INSTRUCTIONS FOR THE TASK:
Each entry listed below should be reproduced word for word.

SUPPLIED DATA:
══════════════════════════════
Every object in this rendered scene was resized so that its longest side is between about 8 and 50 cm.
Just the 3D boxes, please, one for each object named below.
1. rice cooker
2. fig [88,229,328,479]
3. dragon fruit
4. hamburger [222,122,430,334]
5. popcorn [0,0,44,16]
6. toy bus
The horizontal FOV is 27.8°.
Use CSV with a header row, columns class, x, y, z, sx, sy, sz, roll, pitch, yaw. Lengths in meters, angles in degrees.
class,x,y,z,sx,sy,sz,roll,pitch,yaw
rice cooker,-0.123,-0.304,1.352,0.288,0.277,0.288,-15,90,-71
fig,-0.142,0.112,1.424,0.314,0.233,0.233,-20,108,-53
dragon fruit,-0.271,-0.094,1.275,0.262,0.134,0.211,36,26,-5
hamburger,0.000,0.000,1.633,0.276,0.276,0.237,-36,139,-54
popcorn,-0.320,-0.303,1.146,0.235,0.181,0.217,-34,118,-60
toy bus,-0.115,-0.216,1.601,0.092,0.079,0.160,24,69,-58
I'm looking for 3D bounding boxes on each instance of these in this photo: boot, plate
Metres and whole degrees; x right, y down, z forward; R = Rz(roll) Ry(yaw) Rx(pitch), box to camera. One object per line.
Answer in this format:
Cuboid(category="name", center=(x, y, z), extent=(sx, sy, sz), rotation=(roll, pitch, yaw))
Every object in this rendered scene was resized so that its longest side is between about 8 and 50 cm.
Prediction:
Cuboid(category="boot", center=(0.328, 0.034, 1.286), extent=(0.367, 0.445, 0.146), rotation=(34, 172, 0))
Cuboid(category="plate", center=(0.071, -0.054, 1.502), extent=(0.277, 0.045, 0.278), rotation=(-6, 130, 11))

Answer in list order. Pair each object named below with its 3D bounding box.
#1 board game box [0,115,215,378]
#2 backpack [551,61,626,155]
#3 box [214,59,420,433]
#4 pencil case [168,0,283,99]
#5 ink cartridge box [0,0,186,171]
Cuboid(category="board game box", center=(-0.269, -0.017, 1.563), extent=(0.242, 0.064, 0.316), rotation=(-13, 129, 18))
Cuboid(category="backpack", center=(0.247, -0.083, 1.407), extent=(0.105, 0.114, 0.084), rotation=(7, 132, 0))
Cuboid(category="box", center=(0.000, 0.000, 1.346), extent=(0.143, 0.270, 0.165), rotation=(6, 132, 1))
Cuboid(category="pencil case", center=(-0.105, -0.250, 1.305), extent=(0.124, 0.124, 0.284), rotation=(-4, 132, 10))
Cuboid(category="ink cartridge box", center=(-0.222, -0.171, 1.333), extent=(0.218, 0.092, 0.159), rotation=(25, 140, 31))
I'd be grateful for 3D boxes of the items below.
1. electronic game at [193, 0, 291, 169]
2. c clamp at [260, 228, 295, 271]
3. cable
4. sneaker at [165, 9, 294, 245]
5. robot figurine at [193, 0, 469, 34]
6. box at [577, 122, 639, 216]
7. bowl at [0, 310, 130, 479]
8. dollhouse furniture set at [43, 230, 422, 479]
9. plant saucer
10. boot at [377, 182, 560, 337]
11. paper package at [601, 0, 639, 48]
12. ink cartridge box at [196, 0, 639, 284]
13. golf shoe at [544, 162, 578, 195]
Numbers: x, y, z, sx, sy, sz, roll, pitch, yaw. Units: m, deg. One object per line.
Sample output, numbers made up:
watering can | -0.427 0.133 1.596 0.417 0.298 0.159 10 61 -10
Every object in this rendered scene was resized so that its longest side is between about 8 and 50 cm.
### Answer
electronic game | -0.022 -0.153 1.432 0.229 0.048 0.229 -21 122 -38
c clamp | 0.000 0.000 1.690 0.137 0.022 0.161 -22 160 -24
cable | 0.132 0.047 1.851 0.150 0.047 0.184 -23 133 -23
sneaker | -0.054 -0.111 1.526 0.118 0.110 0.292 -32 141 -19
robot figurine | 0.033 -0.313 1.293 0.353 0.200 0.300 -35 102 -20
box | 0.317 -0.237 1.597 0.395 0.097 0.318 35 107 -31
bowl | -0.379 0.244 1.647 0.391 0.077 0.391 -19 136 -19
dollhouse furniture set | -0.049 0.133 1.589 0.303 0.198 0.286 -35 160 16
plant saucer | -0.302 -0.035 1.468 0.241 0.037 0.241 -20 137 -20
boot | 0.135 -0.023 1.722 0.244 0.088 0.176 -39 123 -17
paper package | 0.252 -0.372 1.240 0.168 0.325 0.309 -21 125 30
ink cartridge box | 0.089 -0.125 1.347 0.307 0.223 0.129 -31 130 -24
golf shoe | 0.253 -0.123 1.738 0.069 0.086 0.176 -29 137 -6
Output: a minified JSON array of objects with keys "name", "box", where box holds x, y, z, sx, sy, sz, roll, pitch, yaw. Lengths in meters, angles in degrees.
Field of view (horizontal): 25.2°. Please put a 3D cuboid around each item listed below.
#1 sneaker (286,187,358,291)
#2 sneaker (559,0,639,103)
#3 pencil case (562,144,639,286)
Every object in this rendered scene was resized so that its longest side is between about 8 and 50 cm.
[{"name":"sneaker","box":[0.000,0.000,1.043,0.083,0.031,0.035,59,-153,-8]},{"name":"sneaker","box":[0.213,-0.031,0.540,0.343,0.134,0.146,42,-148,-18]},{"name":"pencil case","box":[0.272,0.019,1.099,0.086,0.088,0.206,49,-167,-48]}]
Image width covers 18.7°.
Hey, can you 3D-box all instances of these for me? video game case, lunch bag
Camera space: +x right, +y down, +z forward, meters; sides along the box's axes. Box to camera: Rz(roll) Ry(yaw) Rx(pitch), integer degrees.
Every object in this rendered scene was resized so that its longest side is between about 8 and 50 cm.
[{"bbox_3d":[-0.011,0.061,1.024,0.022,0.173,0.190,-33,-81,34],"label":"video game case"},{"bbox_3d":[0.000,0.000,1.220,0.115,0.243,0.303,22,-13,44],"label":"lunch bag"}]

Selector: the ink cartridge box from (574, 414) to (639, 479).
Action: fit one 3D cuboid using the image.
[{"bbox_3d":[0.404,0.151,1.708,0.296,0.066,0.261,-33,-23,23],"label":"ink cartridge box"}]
══════════════════════════════
WRITTEN RESPONSE:
Every object in this rendered scene was resized so that its longest side is between about 8 and 50 cm.
Just the 3D boxes, please, one for each object named below.
1. rice cooker
2. fig [88,229,328,479]
3. dragon fruit
4. hamburger [222,122,430,334]
5. popcorn [0,0,44,16]
6. toy bus
The horizontal FOV is 27.8°.
Use CSV with a header row, columns class, x, y, z, sx, sy, sz, roll, pitch, yaw. Lengths in meters, angles in degrees.
class,x,y,z,sx,sy,sz,roll,pitch,yaw
rice cooker,-0.123,-0.304,1.352,0.288,0.277,0.288,-15,90,-71
fig,-0.142,0.112,1.424,0.314,0.233,0.233,-20,108,-53
dragon fruit,-0.271,-0.094,1.275,0.262,0.134,0.211,36,26,-5
hamburger,0.000,0.000,1.633,0.276,0.276,0.237,-36,139,-54
popcorn,-0.320,-0.303,1.146,0.235,0.181,0.217,-34,118,-60
toy bus,-0.115,-0.216,1.601,0.092,0.079,0.160,24,69,-58
I'm looking for 3D bounding boxes on each instance of these in this photo: boot, plate
Metres and whole degrees; x right, y down, z forward; R = Rz(roll) Ry(yaw) Rx(pitch), box to camera. One object per line.
Answer in this format:
Cuboid(category="name", center=(x, y, z), extent=(sx, sy, sz), rotation=(roll, pitch, yaw))
Every object in this rendered scene was resized so that its longest side is between about 8 and 50 cm.
Prediction:
Cuboid(category="boot", center=(0.328, 0.034, 1.286), extent=(0.367, 0.445, 0.146), rotation=(34, 172, 0))
Cuboid(category="plate", center=(0.071, -0.054, 1.502), extent=(0.277, 0.045, 0.278), rotation=(-6, 130, 11))

Answer in list order. Pair each object named below with its 3D bounding box.
#1 board game box [0,115,215,378]
#2 backpack [551,61,626,155]
#3 box [214,59,420,433]
#4 pencil case [168,0,283,99]
#5 ink cartridge box [0,0,186,171]
Cuboid(category="board game box", center=(-0.269, -0.017, 1.563), extent=(0.242, 0.064, 0.316), rotation=(-13, 129, 18))
Cuboid(category="backpack", center=(0.247, -0.083, 1.407), extent=(0.105, 0.114, 0.084), rotation=(7, 132, 0))
Cuboid(category="box", center=(0.000, 0.000, 1.346), extent=(0.143, 0.270, 0.165), rotation=(6, 132, 1))
Cuboid(category="pencil case", center=(-0.105, -0.250, 1.305), extent=(0.124, 0.124, 0.284), rotation=(-4, 132, 10))
Cuboid(category="ink cartridge box", center=(-0.222, -0.171, 1.333), extent=(0.218, 0.092, 0.159), rotation=(25, 140, 31))
I'd be grateful for 3D boxes of the items below.
1. electronic game at [193, 0, 291, 169]
2. c clamp at [260, 228, 295, 271]
3. cable
4. sneaker at [165, 9, 294, 245]
5. robot figurine at [193, 0, 469, 34]
6. box at [577, 122, 639, 216]
7. bowl at [0, 310, 130, 479]
8. dollhouse furniture set at [43, 230, 422, 479]
9. plant saucer
10. boot at [377, 182, 560, 337]
11. paper package at [601, 0, 639, 48]
12. ink cartridge box at [196, 0, 639, 284]
13. golf shoe at [544, 162, 578, 195]
Numbers: x, y, z, sx, sy, sz, roll, pitch, yaw. Units: m, deg. One object per line.
Sample output, numbers made up:
watering can | -0.427 0.133 1.596 0.417 0.298 0.159 10 61 -10
Every object in this rendered scene was resized so that its longest side is between about 8 and 50 cm.
### Answer
electronic game | -0.022 -0.153 1.432 0.229 0.048 0.229 -21 122 -38
c clamp | 0.000 0.000 1.690 0.137 0.022 0.161 -22 160 -24
cable | 0.132 0.047 1.851 0.150 0.047 0.184 -23 133 -23
sneaker | -0.054 -0.111 1.526 0.118 0.110 0.292 -32 141 -19
robot figurine | 0.033 -0.313 1.293 0.353 0.200 0.300 -35 102 -20
box | 0.317 -0.237 1.597 0.395 0.097 0.318 35 107 -31
bowl | -0.379 0.244 1.647 0.391 0.077 0.391 -19 136 -19
dollhouse furniture set | -0.049 0.133 1.589 0.303 0.198 0.286 -35 160 16
plant saucer | -0.302 -0.035 1.468 0.241 0.037 0.241 -20 137 -20
boot | 0.135 -0.023 1.722 0.244 0.088 0.176 -39 123 -17
paper package | 0.252 -0.372 1.240 0.168 0.325 0.309 -21 125 30
ink cartridge box | 0.089 -0.125 1.347 0.307 0.223 0.129 -31 130 -24
golf shoe | 0.253 -0.123 1.738 0.069 0.086 0.176 -29 137 -6
Output: a minified JSON array of objects with keys "name", "box", where box holds x, y, z, sx, sy, sz, roll, pitch, yaw. Lengths in meters, angles in degrees.
Field of view (horizontal): 25.2°. Please put a 3D cuboid around each item listed below.
#1 sneaker (286,187,358,291)
#2 sneaker (559,0,639,103)
#3 pencil case (562,144,639,286)
Every object in this rendered scene was resized so that its longest side is between about 8 and 50 cm.
[{"name":"sneaker","box":[0.000,0.000,1.043,0.083,0.031,0.035,59,-153,-8]},{"name":"sneaker","box":[0.213,-0.031,0.540,0.343,0.134,0.146,42,-148,-18]},{"name":"pencil case","box":[0.272,0.019,1.099,0.086,0.088,0.206,49,-167,-48]}]
Image width covers 18.7°.
Hey, can you 3D-box all instances of these for me? video game case, lunch bag
Camera space: +x right, +y down, +z forward, meters; sides along the box's axes. Box to camera: Rz(roll) Ry(yaw) Rx(pitch), integer degrees.
Every object in this rendered scene was resized so that its longest side is between about 8 and 50 cm.
[{"bbox_3d":[-0.011,0.061,1.024,0.022,0.173,0.190,-33,-81,34],"label":"video game case"},{"bbox_3d":[0.000,0.000,1.220,0.115,0.243,0.303,22,-13,44],"label":"lunch bag"}]

Selector: the ink cartridge box from (574, 414) to (639, 479).
Action: fit one 3D cuboid using the image.
[{"bbox_3d":[0.404,0.151,1.708,0.296,0.066,0.261,-33,-23,23],"label":"ink cartridge box"}]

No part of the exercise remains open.